• Directions
Quote the records beneath, complete and exact. Leave out images.

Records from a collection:
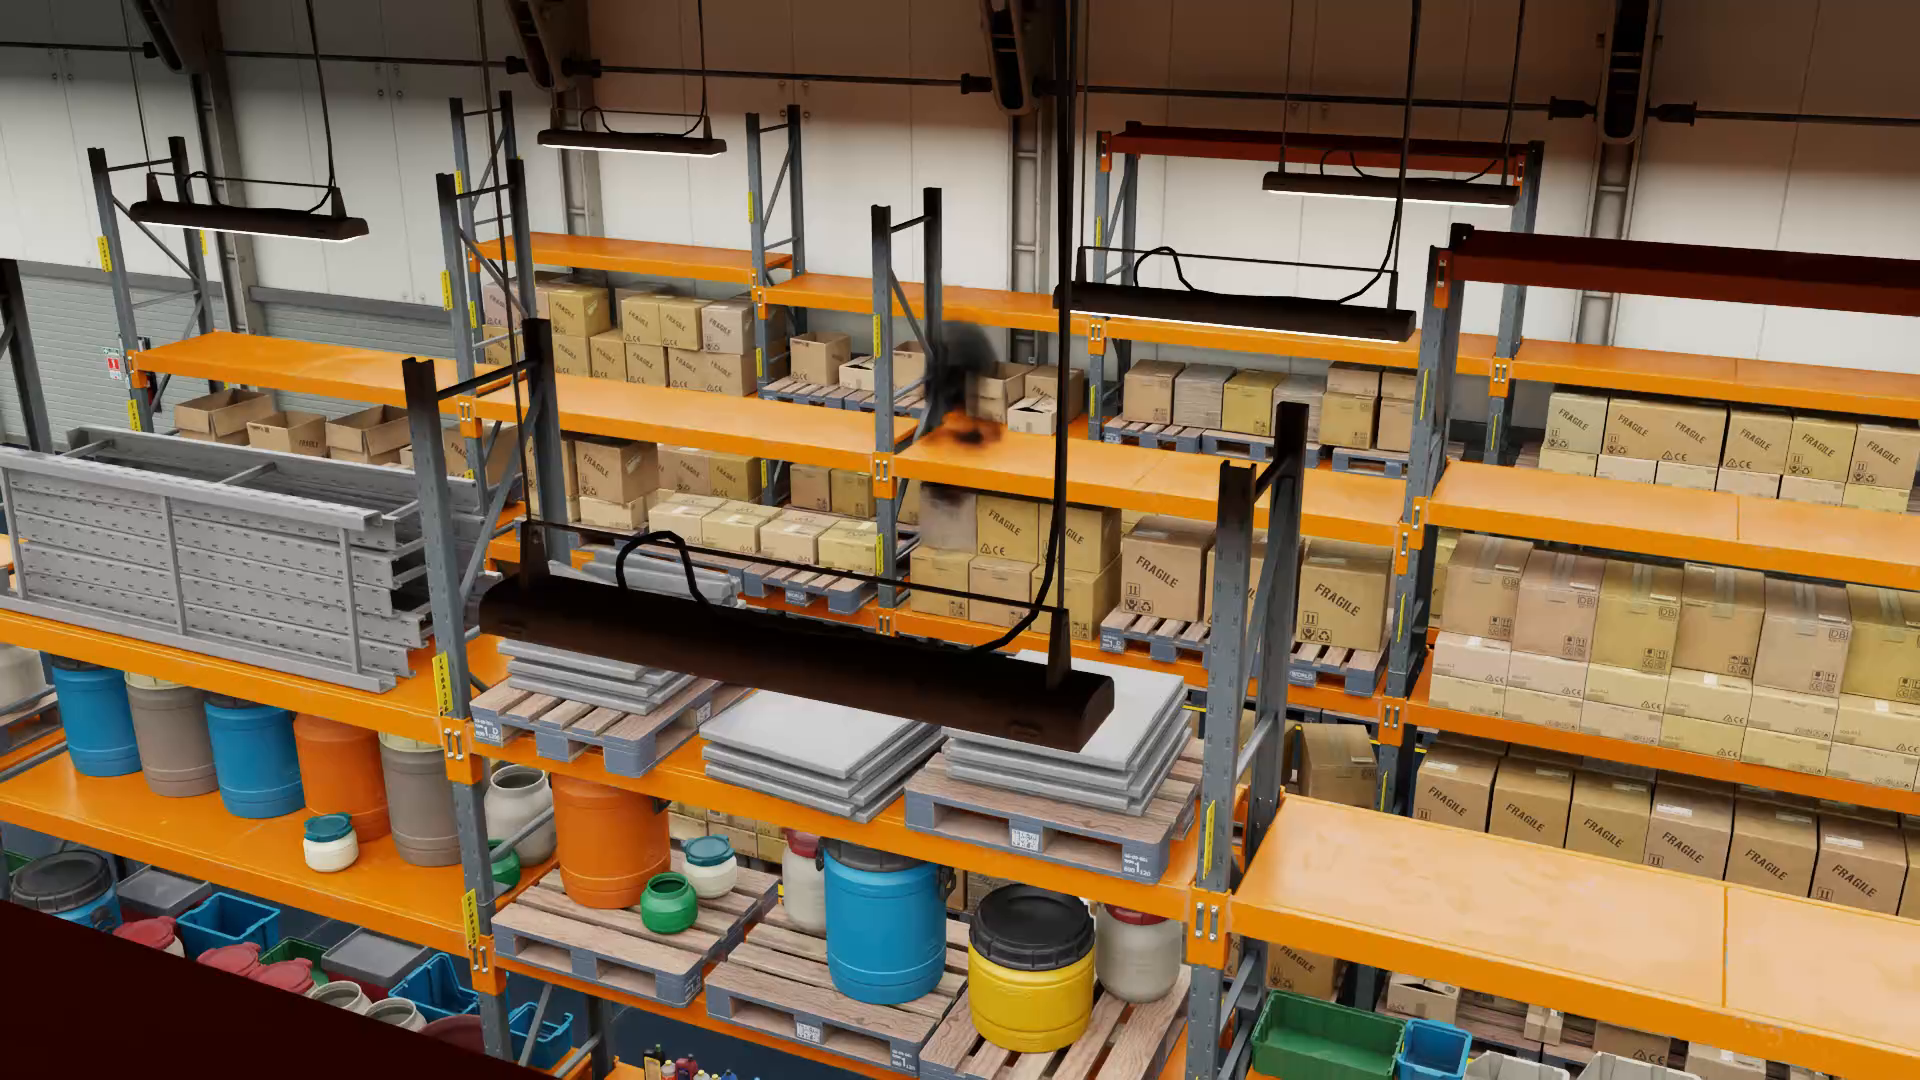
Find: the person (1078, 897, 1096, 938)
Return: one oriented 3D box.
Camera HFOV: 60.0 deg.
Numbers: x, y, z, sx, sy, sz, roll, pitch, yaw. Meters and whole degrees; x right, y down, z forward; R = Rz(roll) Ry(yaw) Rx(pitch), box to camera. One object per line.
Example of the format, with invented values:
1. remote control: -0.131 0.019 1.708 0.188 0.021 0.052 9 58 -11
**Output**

• Final answer
Find: the person (1078, 897, 1096, 938)
Return: one oriented 3D box.
Camera HFOV: 60.0 deg.
Numbers: x, y, z, sx, sy, sz, roll, pitch, yaw. Meters and whole degrees; x right, y down, z forward; R = Rz(roll) Ry(yaw) Rx(pitch), box to camera. One object per line.
Example of the format, with invented values:
1. remote control: -0.131 0.019 1.708 0.188 0.021 0.052 9 58 -11
**Output**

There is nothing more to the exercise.